Over on the Billboard Top 100, it was The Bee Gees 24/7. In fact, from Christmas 1977 to May 1978, a song by The Bee Gees was # 1 on the charts. We had not seen this kind of chart domination since The Beatles in 1964. During the streak, their compositions were also recorded and put on top of the world by younger brother Andy.
What made all of this so amazing is that no one expected success like that from Barry, Robin, and Maurice Gibb, the trio of brothers. After all, the band couldn't buy a hit on U.S. radio just four years earlier. Like the cat with whatever number of lives, the brothers kept recording, releasing, and finding a new audience for their songs.
It was their family story that always appealed to me. They were more than talented musicians. They were brothers who started singing a long time ago, as written by Juliet Bennett Rylah:
Early on, the three brothers showed a strong connection to music, singing in perfect harmony with one another. By the mid-1950s, the boys were borrowing their older sister's records — Elvis Presley, the Everly Brothers, Tommy Steele — and miming to the music using fake guitars they'd made out of boxes.
This hobby would lead to the brothers' very first public performance in 1956 at The Gaumont, a nearby movie theater where children were allowed to pantomime songs on stage before Saturday matinees. The brothers practiced with two neighborhood friends, Paul Frost and Kenny Oricks, calling themselves The Rattlesnakes. Yet just before their big debut, the sound tech dropped and shattered Leslie's record. Though only Barry had a real guitar, they decided their debut would not be thwarted. They went on and sang the song with only Barry's strumming for musical accompaniment. What song it was, exactly, no one can remember, but Robin recalls that the kids in the theater loved it. "We were sort of an instant hit," he said. The theater manager was so impressed that he sent them to another movie house down the street to play the song again.
From that moment on, Barry said all the brothers cared about was getting discovered. "It was the feeling of standing in front of an audience that was so amazing. We'd never seen anything like it. We were very young, but it made an enormous impression. We didn't want to do anything else but make music."
The brothers renamed themselves Wee Johnny Hays and the Bluecats, and went on to mime and sing more songs in local theaters. When the family decided to emigrate to Australia, Barbara recalled finding the boys performing for their fellow passengers on several occasions over the course of the five-week journey. The Gibbs arrived to their new home in 1958. By this point, the family had grown to include baby Andy Roy, born on March 5 of that same year.

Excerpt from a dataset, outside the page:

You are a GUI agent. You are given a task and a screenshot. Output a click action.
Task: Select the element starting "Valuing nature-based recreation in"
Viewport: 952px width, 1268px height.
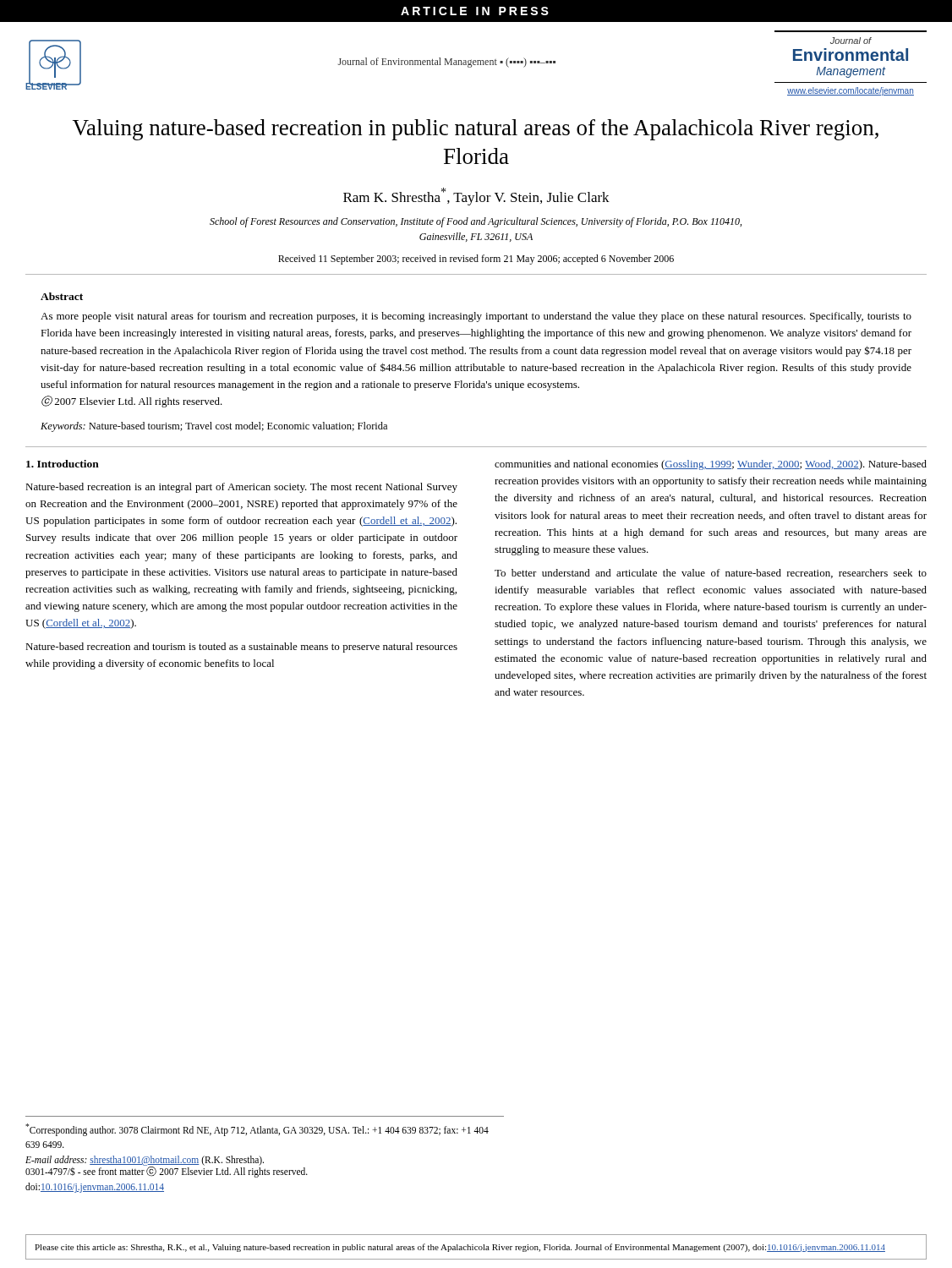click(476, 143)

While Hugh was making a living in Queensland as a photographer, Barry, Maurice, and Robin made a serendipitous trip down to the Redcliffe Speedway in 1959. Toting along Barry's guitar, they asked permission to play between races. They played their own compositions, which caught the attention of racing driver Bill Goode. Goode contacted his friend, DJ Bill Gates, and told them about the three young songsters.
Eventually, they became The Bee Gees, or Brothers Gibb. They signed with Robert Stigwood and had international hits in 1967 when Barry was 20 and the twins were 18. They wrote ballads like "How Can You Mend a Broken Heart," classics like "To Love Somebody," and super-tunes like "Massachusetts" — and even Elvis recorded "Words," one of their other great compositions. Then they hit the jackpot with the music of "Saturday Night Fever," and that takes us to the spring of 1978.
Only Barry is around these days. Maurice died suddenly in 2003. Robin died of cancer in 2012. Turn on any oldies station, and you are likely to hear one of their songs. I don't know what their songbook is worth, but it will keep generations living well.
Nineteen seventy-eight was a great year to be The Bee Gees and a good one to distract us from gasoline prices and Ukraine.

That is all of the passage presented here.